9. The gear tooth groove finishing device for automobile engine crankshaft gear according to claim 4, characterized in that: A pointer (7312) is fixedly installed at the bottom of the hollow rod (732). The pointer (7312) is located outside the bearing ring (71). Several scale grooves (7313) are evenly opened on one side wall of the adjusting inner rod (733).

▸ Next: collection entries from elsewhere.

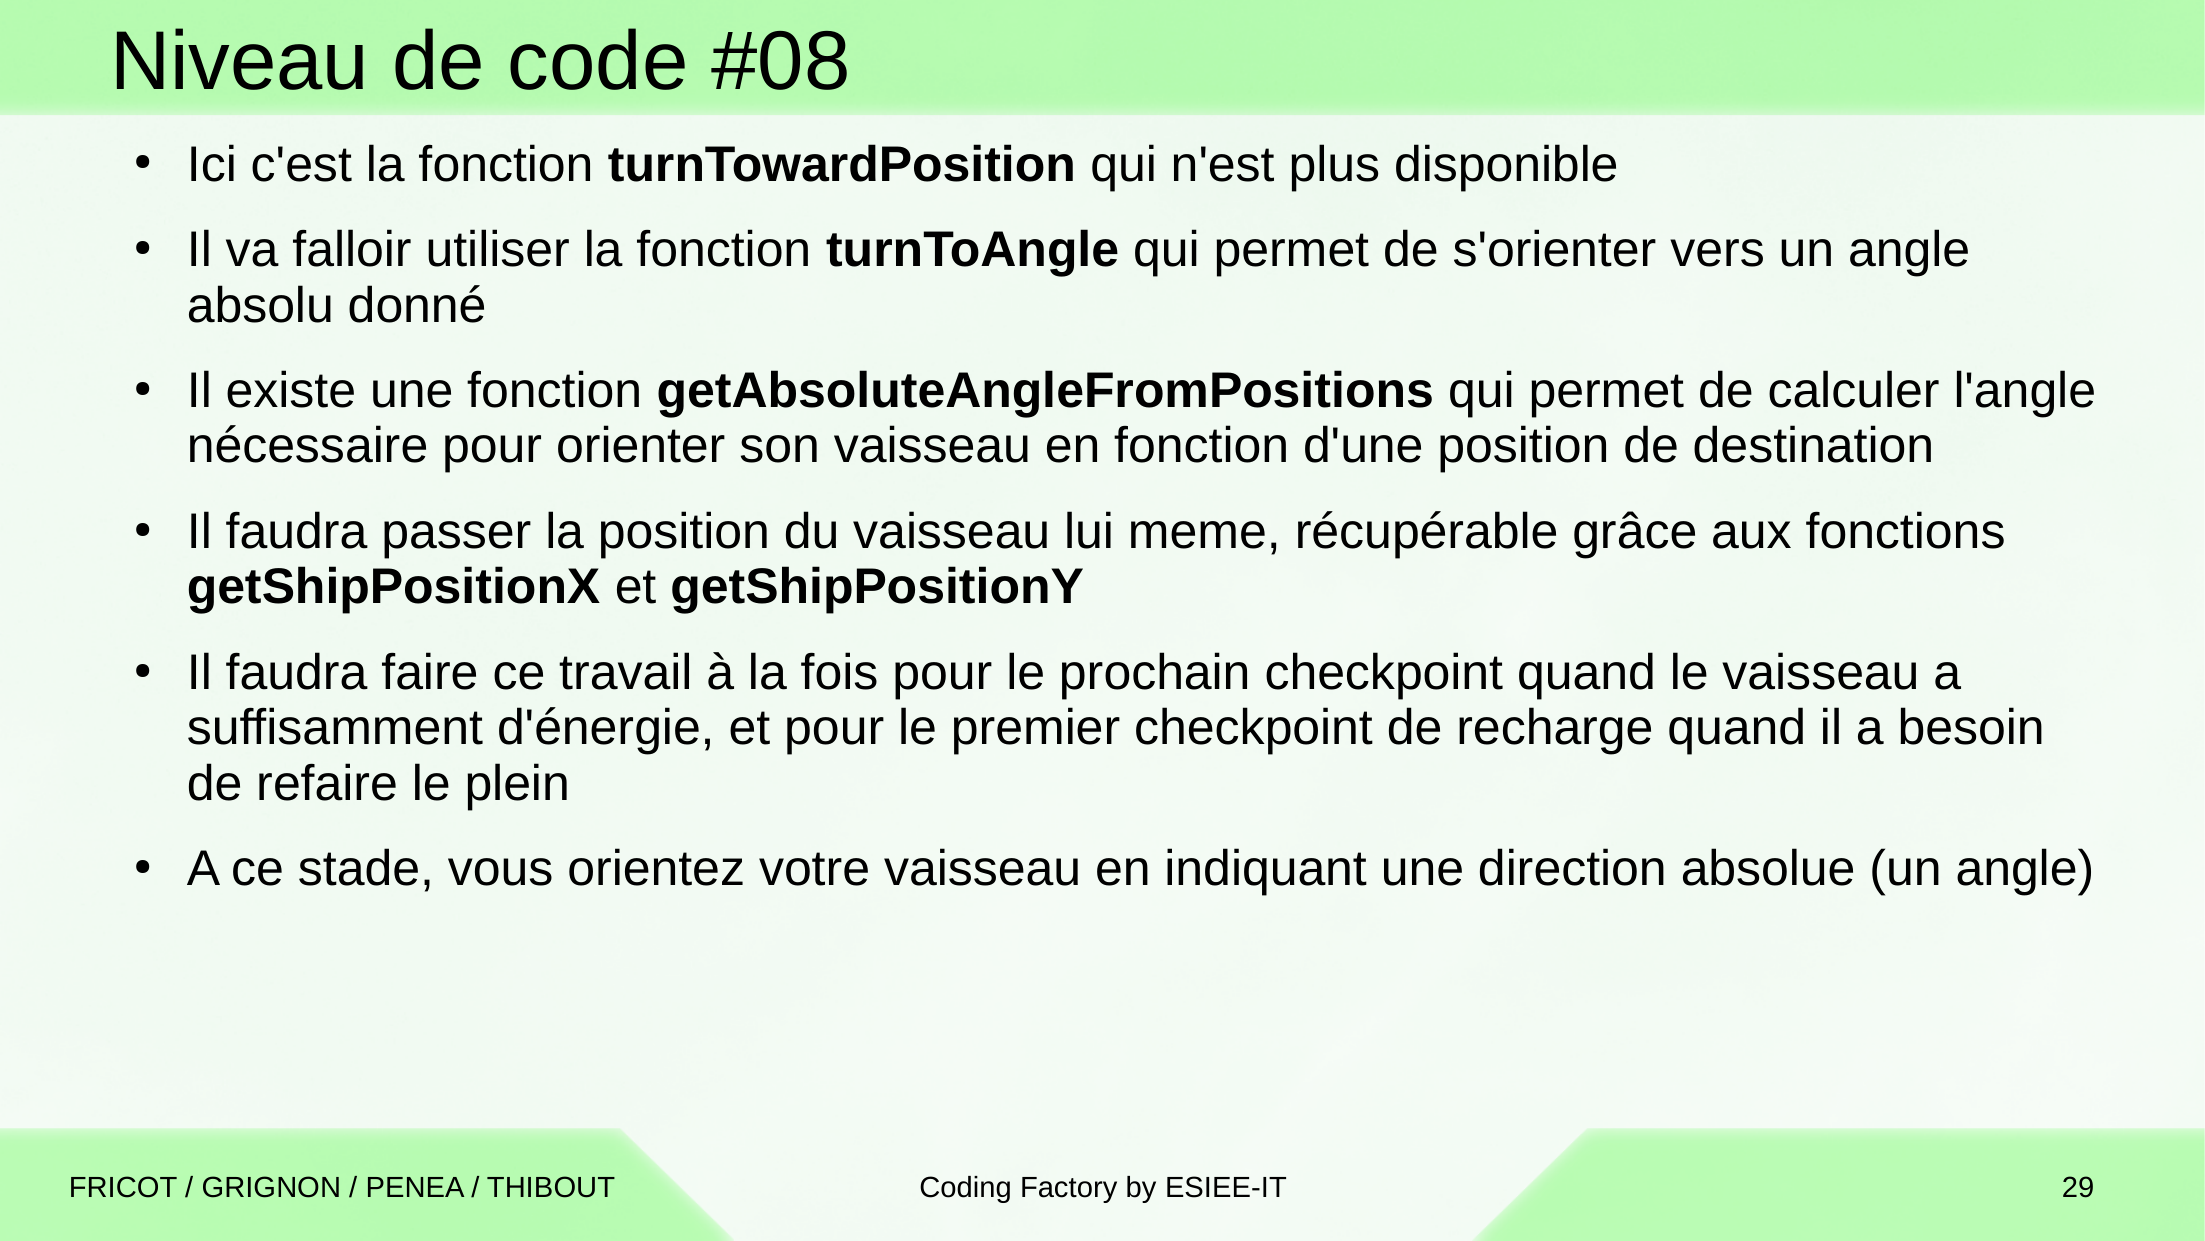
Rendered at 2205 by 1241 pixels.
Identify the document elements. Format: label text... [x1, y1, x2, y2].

title Niveau de code #08 [110, 49, 2095, 257]
picture [0, 0, 2205, 1241]
list Ici c'est la fonction turnTowardPosition qui n'est plus disponible Il va falloir utiliser la fonction turnToAngle qui permet de s'orienter vers un angle absolu donné Il existe une fonction getAbsoluteAngleFromPositions qui permet de calculer l'angle nécessaire pour orienter son vaisseau en fonction d'une position de destination Il faudra passer la position du vaisseau lui meme, récupérable grâce aux fonctions getShipPositionX et getShipPositionY Il faudra faire ce travail à la fois pour le prochain checkpoint quand le vaisseau a suffisamment d'énergie, et pour le premier checkpoint de recharge quand il a besoin de refaire le plein A ce stade, vous orientez votre vaisseau en indiquant une direction absolue (un angle) [116, 206, 2101, 1149]
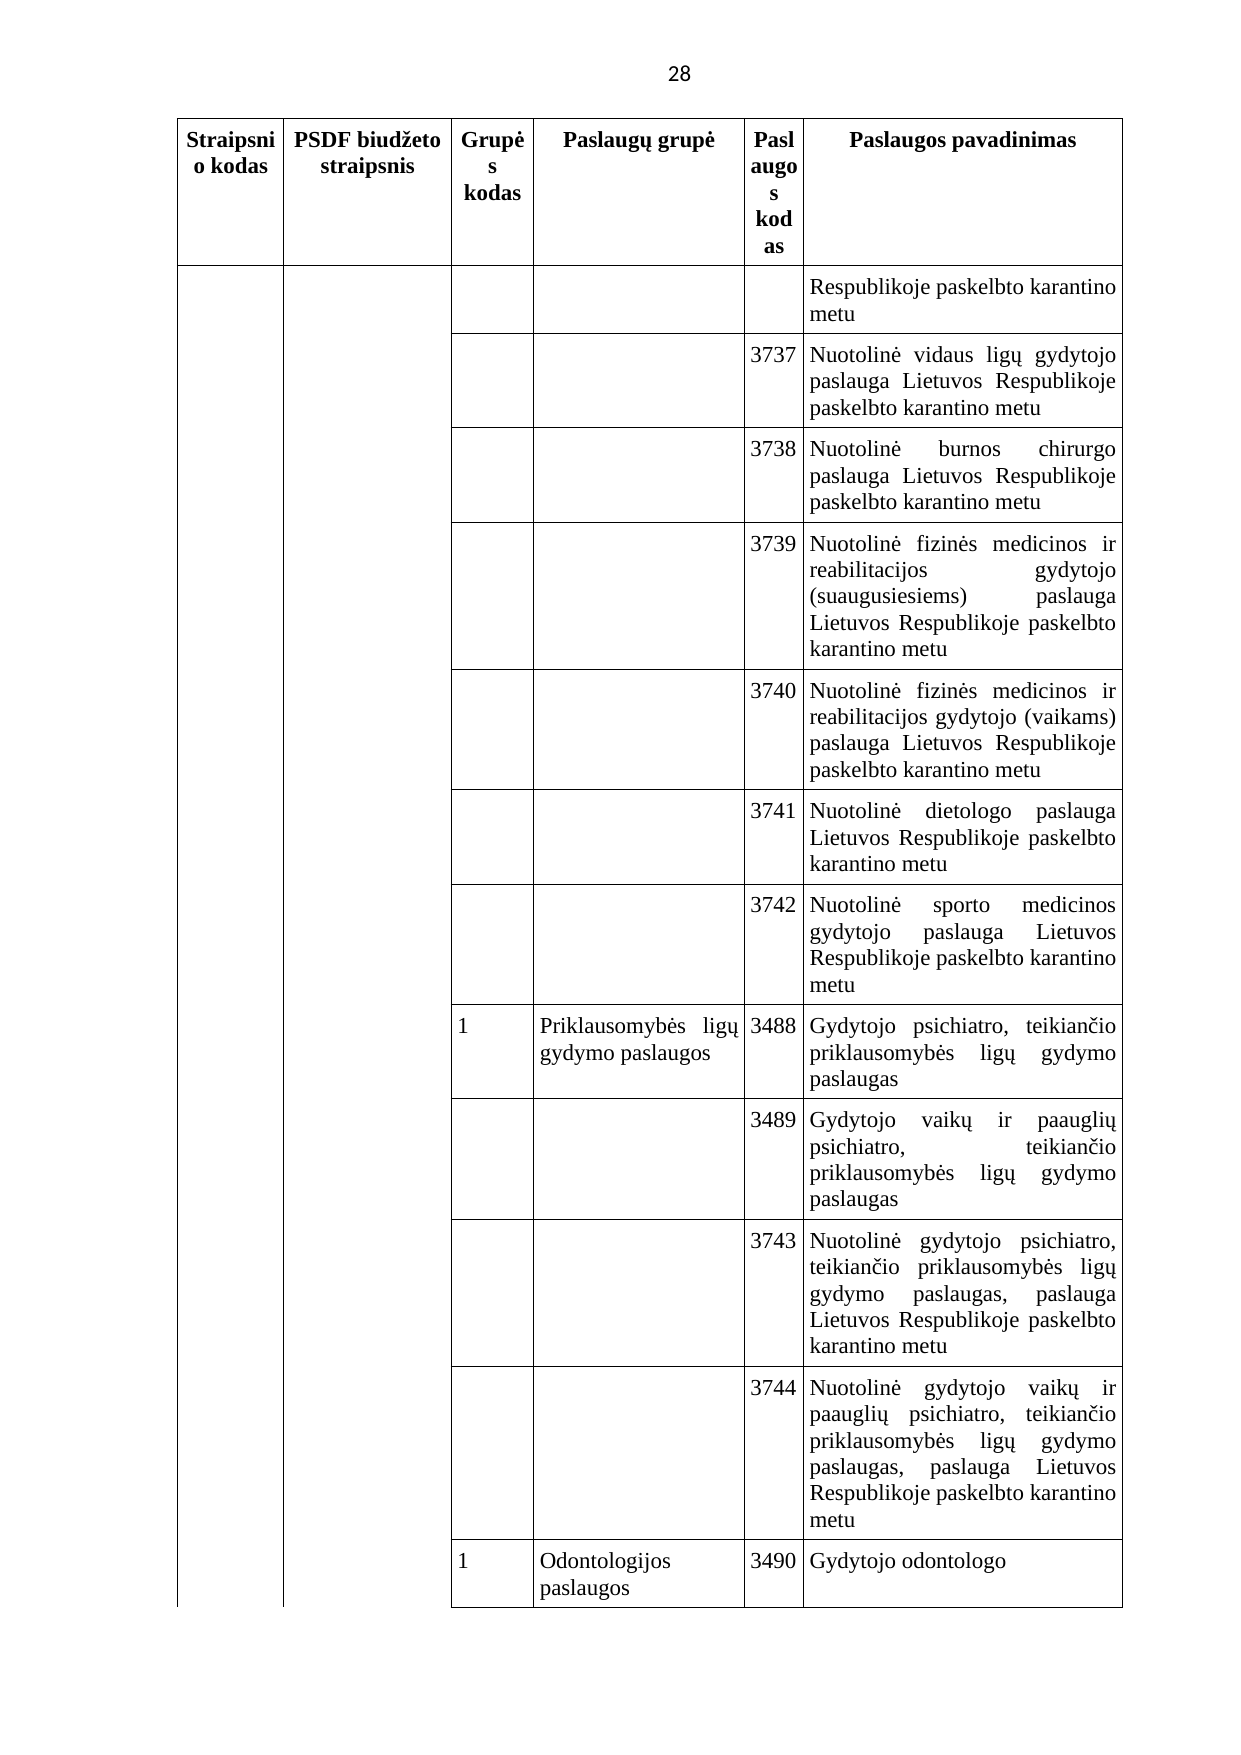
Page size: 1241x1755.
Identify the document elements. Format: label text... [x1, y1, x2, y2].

table_header Paslaugos kodas [745, 119, 803, 265]
table_cell 3490 [745, 1540, 803, 1607]
table_cell [284, 884, 451, 1004]
table_cell 3742 [745, 885, 803, 1004]
table_cell Nuotolinė fizinės medicinos ir reabilitacijos gydytojo (suaugusiesiems) paslauga Lietuvos Respublikoje paskelbto karantino metu [804, 523, 1122, 668]
table_cell [178, 884, 283, 1004]
table_cell Nuotolinė gydytojo psichiatro, teikiančio priklausomybės ligų gydymo paslaugas, paslauga Lietuvos Respublikoje paskelbto karantino metu [804, 1220, 1122, 1366]
table_cell Odontologijos paslaugos [534, 1540, 744, 1607]
table_cell [284, 789, 451, 883]
table_cell Nuotolinė burnos chirurgo paslauga Lietuvos Respublikoje paskelbto karantino metu [804, 428, 1122, 522]
table_cell [452, 885, 533, 1004]
table_cell [745, 266, 803, 333]
table_cell [534, 428, 744, 522]
table_cell [178, 333, 283, 427]
table_cell 1 [452, 1540, 533, 1607]
table_cell [284, 1098, 451, 1219]
table_cell [284, 1539, 451, 1607]
table_cell [178, 266, 283, 333]
table_cell [178, 427, 283, 522]
table_cell [452, 1220, 533, 1366]
table_cell [284, 266, 451, 333]
table_cell Gydytojo vaikų ir paauglių psichiatro, teikiančio priklausomybės ligų gydymo paslaugas [804, 1099, 1122, 1219]
table_cell [178, 1004, 283, 1098]
table_cell [534, 1099, 744, 1219]
table_cell [534, 334, 744, 427]
table_cell [178, 1539, 283, 1607]
table_cell Nuotolinė sporto medicinos gydytojo paslauga Lietuvos Respublikoje paskelbto karantino metu [804, 885, 1122, 1004]
table_cell [534, 790, 744, 883]
table_cell [452, 670, 533, 789]
table_cell Gydytojo psichiatro, teikiančio priklausomybės ligų gydymo paslaugas [804, 1005, 1122, 1098]
table_cell [534, 1367, 744, 1539]
table_cell 3740 [745, 670, 803, 789]
table_cell [284, 333, 451, 427]
table_cell [284, 669, 451, 789]
table_cell Nuotolinė fizinės medicinos ir reabilitacijos gydytojo (vaikams) paslauga Lietuvos Respublikoje paskelbto karantino metu [804, 670, 1122, 789]
table_cell [452, 1099, 533, 1219]
table_cell [534, 1220, 744, 1366]
table_cell 3489 [745, 1099, 803, 1219]
table_cell 3738 [745, 428, 803, 522]
table_cell 3488 [745, 1005, 803, 1098]
table_cell [452, 334, 533, 427]
table_cell 3739 [745, 523, 803, 668]
table_cell 3744 [745, 1367, 803, 1539]
table_cell [534, 670, 744, 789]
table_cell [452, 428, 533, 522]
table_cell [178, 1098, 283, 1219]
table_cell [284, 522, 451, 668]
table_cell [178, 1219, 283, 1366]
table_cell Gydytojo odontologo [804, 1540, 1122, 1607]
table_cell [178, 522, 283, 668]
table_header Paslaugos pavadinimas [804, 119, 1122, 265]
table_cell Priklausomybės ligų gydymo paslaugos [534, 1005, 744, 1098]
table_header Straipsnio kodas [178, 119, 283, 265]
table_cell Respublikoje paskelbto karantino metu [804, 266, 1122, 333]
table_cell [452, 266, 533, 333]
table_header PSDF biudžeto straipsnis [284, 119, 451, 265]
table_cell Nuotolinė vidaus ligų gydytojo paslauga Lietuvos Respublikoje paskelbto karantino metu [804, 334, 1122, 427]
table_cell 3741 [745, 790, 803, 883]
table_cell [534, 885, 744, 1004]
table_cell [178, 1366, 283, 1539]
table_cell [178, 789, 283, 883]
table_cell 3737 [745, 334, 803, 427]
table_cell [534, 523, 744, 668]
table_cell [452, 790, 533, 883]
table_cell [284, 1004, 451, 1098]
table_cell 3743 [745, 1220, 803, 1366]
table_cell [284, 427, 451, 522]
table_header Grupės kodas [452, 119, 533, 265]
table_cell [452, 523, 533, 668]
table_cell 1 [452, 1005, 533, 1098]
table_cell [284, 1366, 451, 1539]
table_cell Nuotolinė dietologo paslauga Lietuvos Respublikoje paskelbto karantino metu [804, 790, 1122, 883]
table_cell [452, 1367, 533, 1539]
table_cell [534, 266, 744, 333]
table_header Paslaugų grupė [534, 119, 744, 265]
table_cell Nuotolinė gydytojo vaikų ir paauglių psichiatro, teikiančio priklausomybės ligų gydymo paslaugas, paslauga Lietuvos Respublikoje paskelbto karantino metu [804, 1367, 1122, 1539]
table_cell [284, 1219, 451, 1366]
table_cell [178, 669, 283, 789]
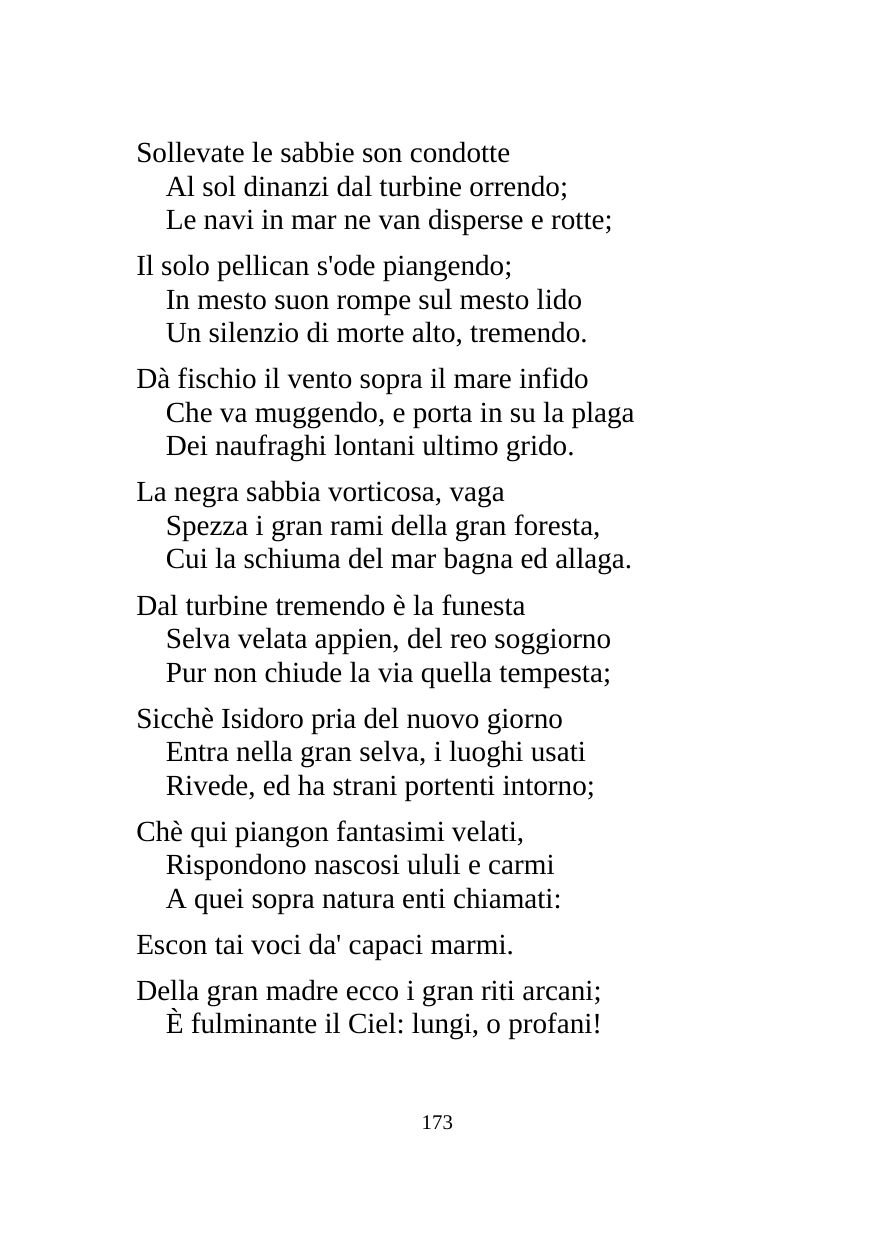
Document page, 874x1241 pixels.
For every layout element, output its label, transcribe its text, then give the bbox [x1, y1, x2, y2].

text Sollevate le sabbie son condotte Al sol dinanzi dal turbine orrendo; Le navi in mar ne van disperse e rotte; [136, 135, 768, 236]
text Chè qui piangon fantasimi velati, Rispondono nascosi ululi e carmi A quei sopra natura enti chiamati: [136, 814, 768, 914]
text Il solo pellican s'ode piangendo; In mesto suon rompe sul mesto lido Un silenzio di morte alto, tremendo. [136, 248, 768, 349]
text La negra sabbia vorticosa, vaga Spezza i gran rami della gran foresta, Cui la schiuma del mar bagna ed allaga. [136, 474, 768, 575]
text Dà fischio il vento sopra il mare infido Che va muggendo, e porta in su la plaga Dei naufraghi lontani ultimo grido. [136, 361, 768, 462]
text Della gran madre ecco i gran riti arcani; È fulminante il Ciel: lungi, o profani! [136, 973, 768, 1040]
text Escon tai voci da' capaci marmi. [136, 927, 768, 961]
text Dal turbine tremendo è la funesta Selva velata appien, del reo soggiorno Pur non chiude la via quella tempesta; [136, 588, 768, 688]
text Sicchè Isidoro pria del nuovo giorno Entra nella gran selva, i luoghi usati Rivede, ed ha strani portenti intorno; [136, 701, 768, 801]

10. A method for precision machining of the tooth grooves of a crankshaft gear in an automobile engine, characterized in that: The method using the gear tooth finishing apparatus for automobile engine crankshaft gears as described in any one of claims 1-9 includes the following steps: Step 1: Open the transparent protective door (10), adjust the gear grinding mechanism (7), adjust the outer diameter of the gear grinding mechanism (7) to the required value, then put the gear inner liner (5) with the required outer diameter on the outside of the plug-in inner rod (4), and then put the rough-machined automobile engine crankshaft gear on the outside of the gear inner liner (5). The outer diameter of the gear inner liner (5) is matched with the inner diameter of the automobile engine crankshaft gear. Step 2: Then start the hydraulic rod (6) to drive the tooth groove fine grinding mechanism (7) to move down. During the downward movement of the tooth groove fine grinding mechanism (7), it grinds part of the tooth groove of the automobile engine crankshaft gear directly below. Then the hydraulic rod (6) drives the tooth groove fine grinding mechanism (7) to move up. The deceleration servo motor (8) works and drives the placement cam (3) to rotate at a set angle through the rotating shaft (9) and then pauses. The automobile engine crankshaft gear rotates at a set angle and then pauses. Step 3: The hydraulic rod (6) drives the tooth groove fine grinding mechanism (7) to move down again to grind another part of the tooth groove of the automobile engine crankshaft gear. Similarly, the remaining tooth grooves of the crankshaft gear are ground in sequence.